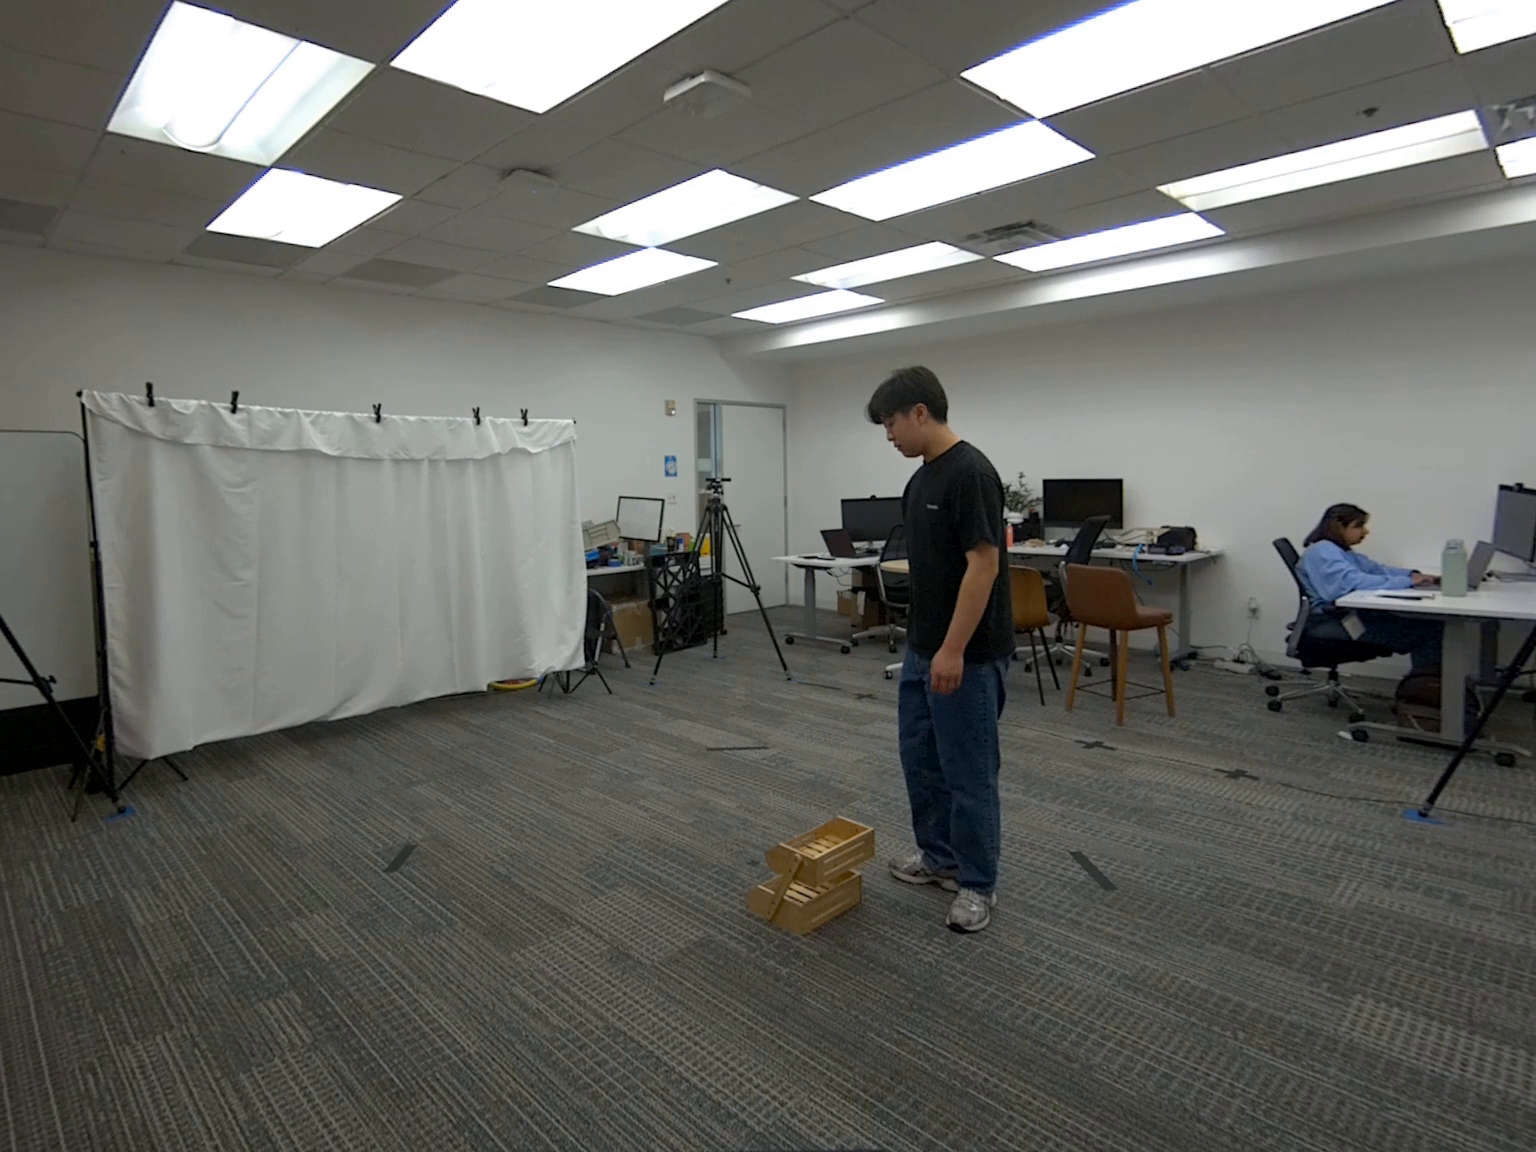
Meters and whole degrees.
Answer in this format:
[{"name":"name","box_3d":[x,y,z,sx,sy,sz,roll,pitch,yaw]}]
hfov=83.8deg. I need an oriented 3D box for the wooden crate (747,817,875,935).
[{"name":"wooden crate","box_3d":[0.141,0.948,2.768,0.311,0.272,0.316,5,8,45]}]

PROMPT
Output exactly, and only, the lines running from the one that contains "hfov=83.8deg. I need" through the last line of the entries above.

SOLUTION TO THIS EXERCISE
hfov=83.8deg. I need an oriented 3D box for the wooden crate (747,817,875,935).
[{"name":"wooden crate","box_3d":[0.141,0.948,2.768,0.311,0.272,0.316,5,8,45]}]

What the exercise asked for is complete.